Data extracted from a collection
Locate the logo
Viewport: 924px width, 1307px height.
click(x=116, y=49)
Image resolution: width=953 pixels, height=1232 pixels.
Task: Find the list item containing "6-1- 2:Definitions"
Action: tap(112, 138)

▸ **What the exercise asks**
All entries above need to be copied verbatim.

▸ **Written response**
Locate the logo
Viewport: 924px width, 1307px height.
click(x=116, y=49)
Image resolution: width=953 pixels, height=1232 pixels.
Task: Find the list item containing "6-1- 2:Definitions"
Action: tap(112, 138)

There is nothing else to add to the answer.